This week, Governor Doug Ducey announced that Arizona had welcomed its first group of Afghan evacuees on Sunday, and more are on their way.
The arrival is part of a plan by the Biden administration to resettle tens of thousands of people who fled the country over the last few weeks.
Aaron Rippenkroeger with the International Rescue Committee (IRC) in Arizona said his organization is helping 18 Afghans so far and he expects hundreds more to resettle in Phoenix or Tucson in the coming months.
For years, groups like the IRC have worked with the U.S. government to resettle refugees.
But Rippenkroeger said unlike some other refugee populations, who may have spent years in refugee camps before U.S. resettlement, many of the Afghan families arriving now are reeling from extreme trauma they experienced in just the last few weeks.
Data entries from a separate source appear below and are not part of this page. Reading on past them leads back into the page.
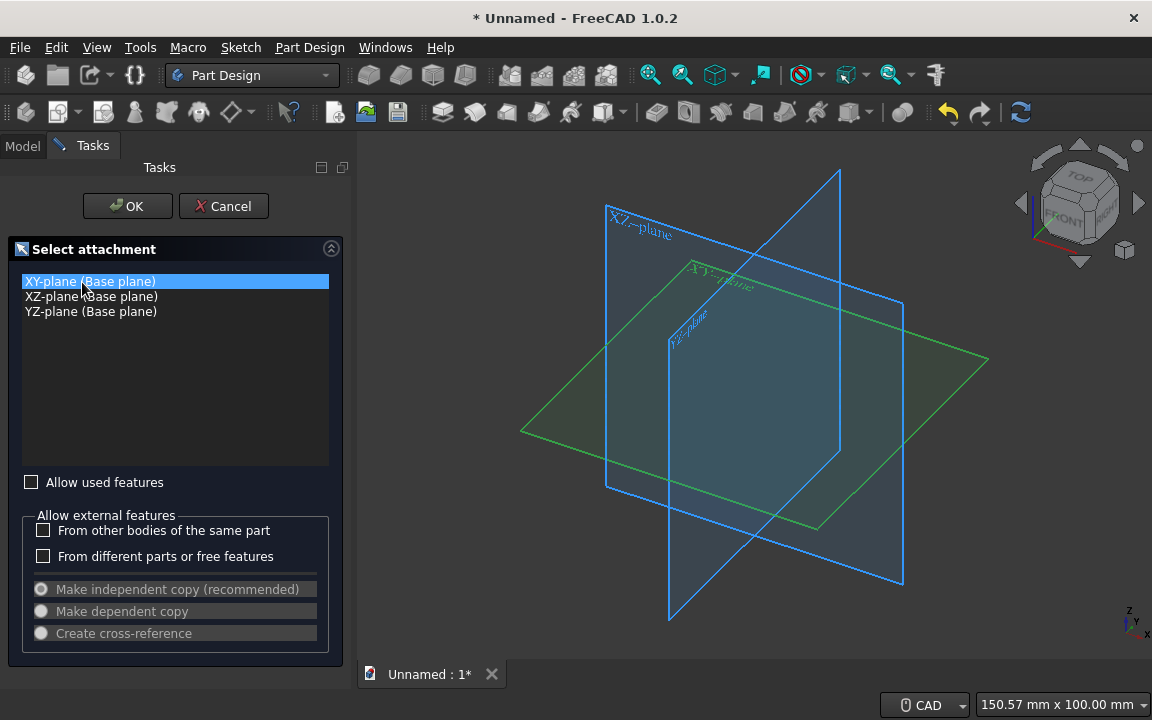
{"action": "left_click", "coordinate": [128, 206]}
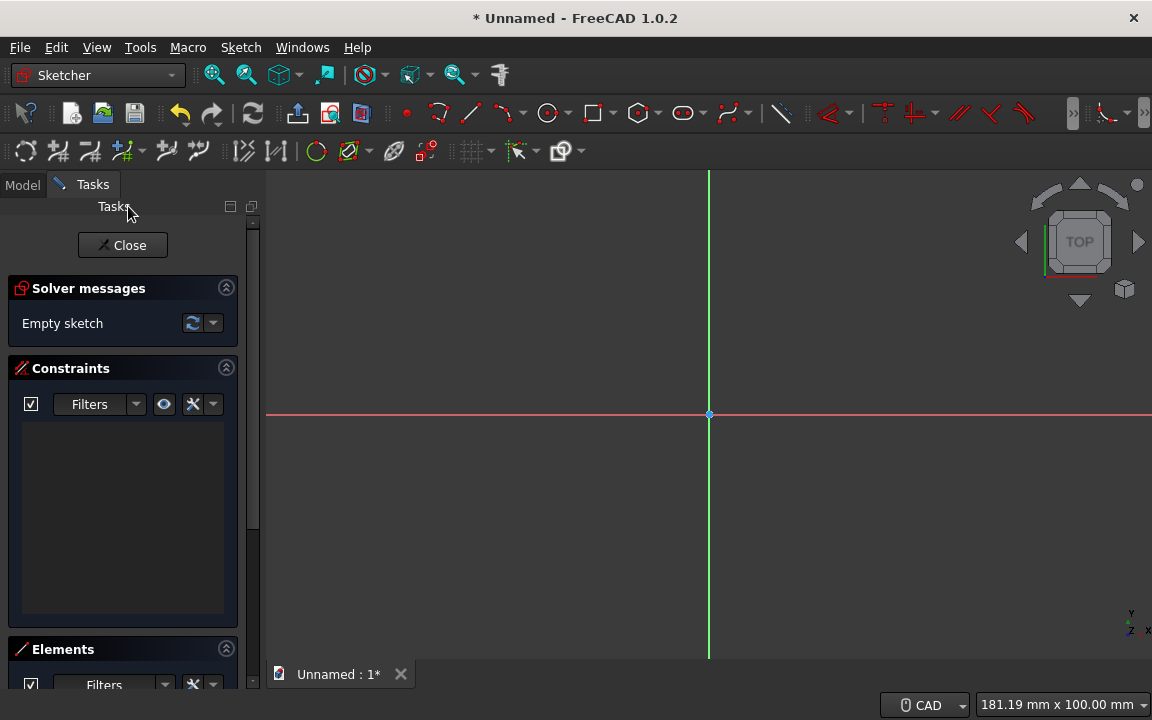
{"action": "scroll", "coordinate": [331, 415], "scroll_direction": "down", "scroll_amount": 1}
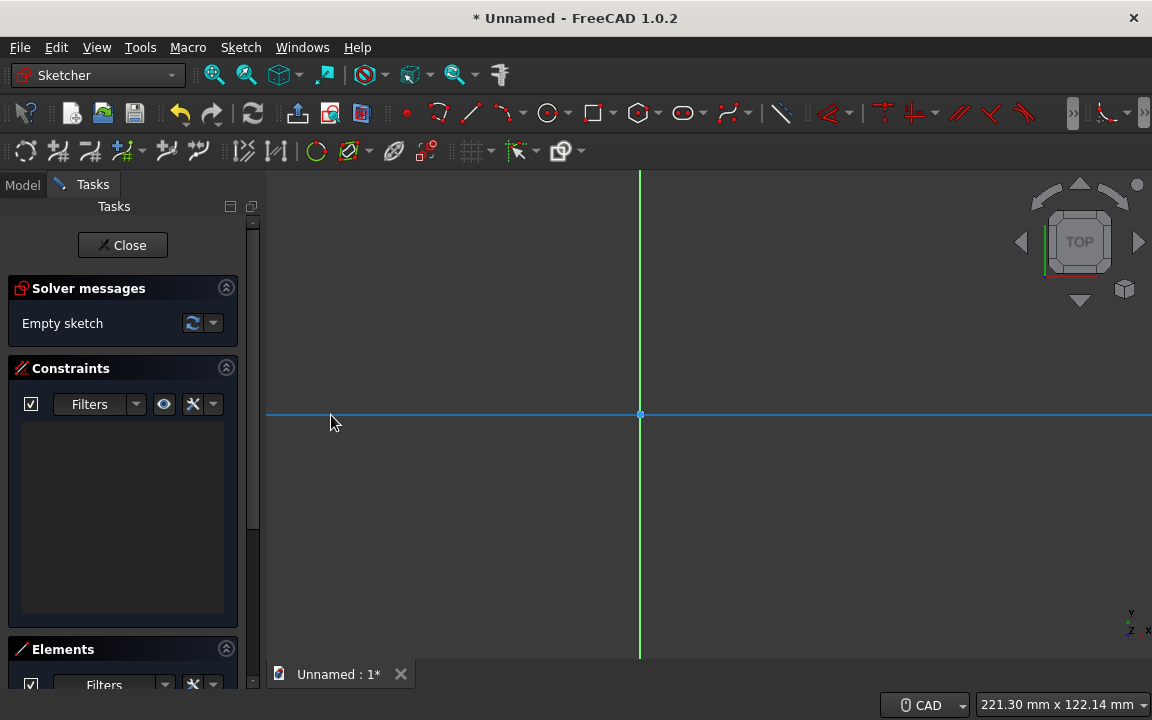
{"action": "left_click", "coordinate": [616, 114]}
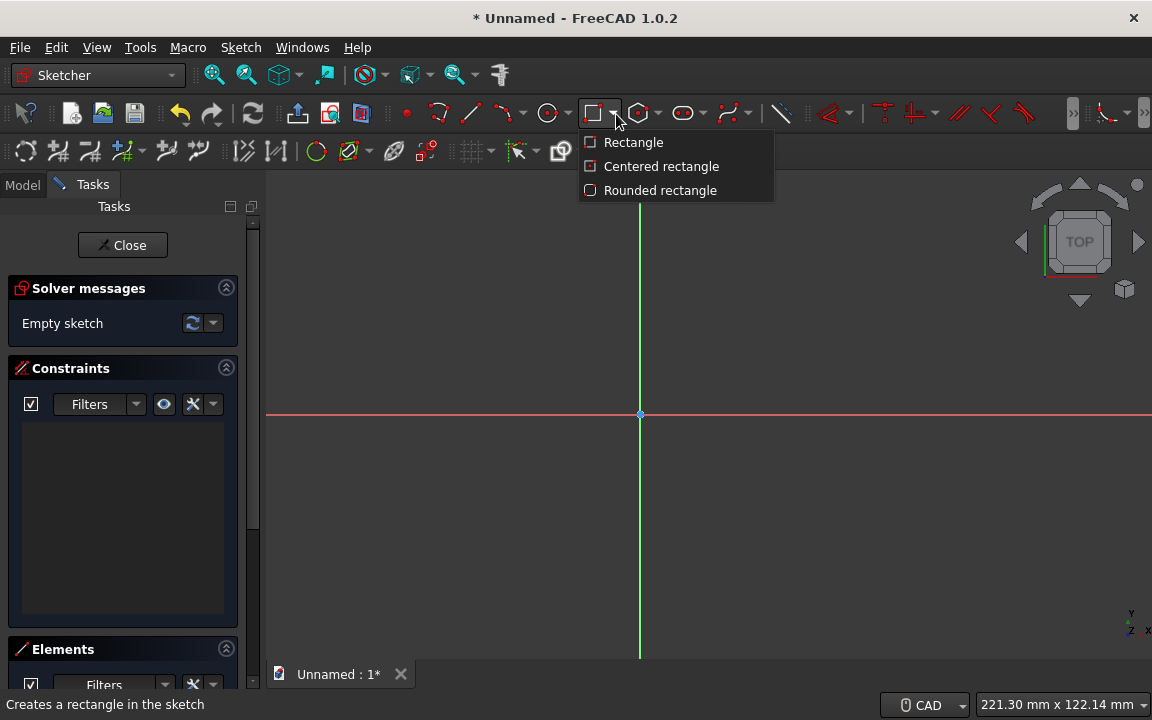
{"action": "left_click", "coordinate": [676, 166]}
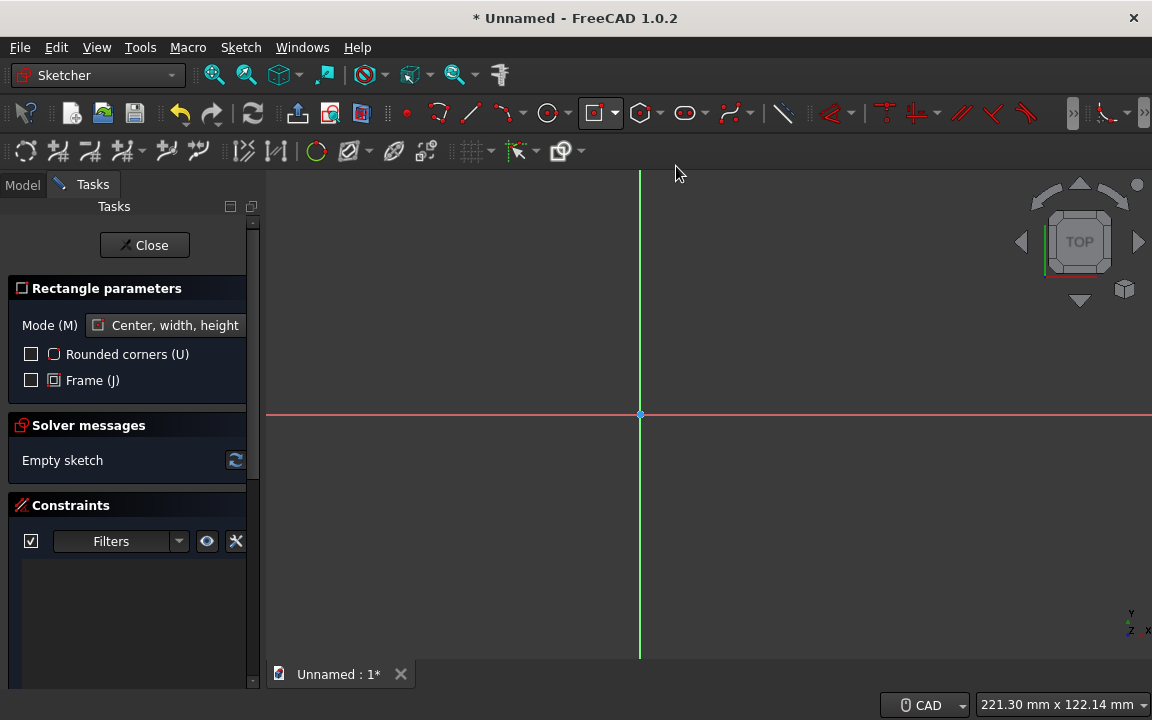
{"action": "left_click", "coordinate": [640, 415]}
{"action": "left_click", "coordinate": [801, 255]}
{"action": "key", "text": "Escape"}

"The scenes from the Kabul airport are a clear example of that," he said. "Things are still going to be really raw for them, and they’re still going to be processing what they’ve just been through for some time to come, it’s just going to be really important that we find ways to support them through that process."
Rippenkroeger said the IRC is looking into how to bulk up mental health services and support to help families address that trauma. He also said in the harried effort to flee their country, many people have visas with missing information, or may have family elsewhere in the U.S. that they may need to leave Arizona to connect with. Those factors will change the way they are resettled, Rippenkroeger said, and it will take time.
Families receiving care from the IRC in Arizona and across the country are being flown to the U.S. from American military bases around the world after being air lifted out of Afghanistan. Rippenkroeger said there are still more families who didn't make it on those flights and may still be trying to get out through other means.
Rocío Castañeda, with the legal advocacy group Florence Immigrant and Refugee Rights Project, said her organization is trying to plan for the possibility of some families coming to the U.S.-Mexico border.
"We are preparing to see Afghans who were not able to make it out by the deadline given by the Biden administration, arrive at our border in Nogales," she said.
But she added that, like thousands of other waiting at the border, they will likely be stuck.
"We are preparing like we have with other asylum seekers to meet them ... and essentially give them the bad news that there is no access to asylum at the border," she said.
Castañeda said as long as policies like the Migrant Protection Protocols and Title 42 remain in place, all asylum seekers have to wait in Mexico, almost no one will have their claims processed for now. She said it's likely that will still be the case for Afghans.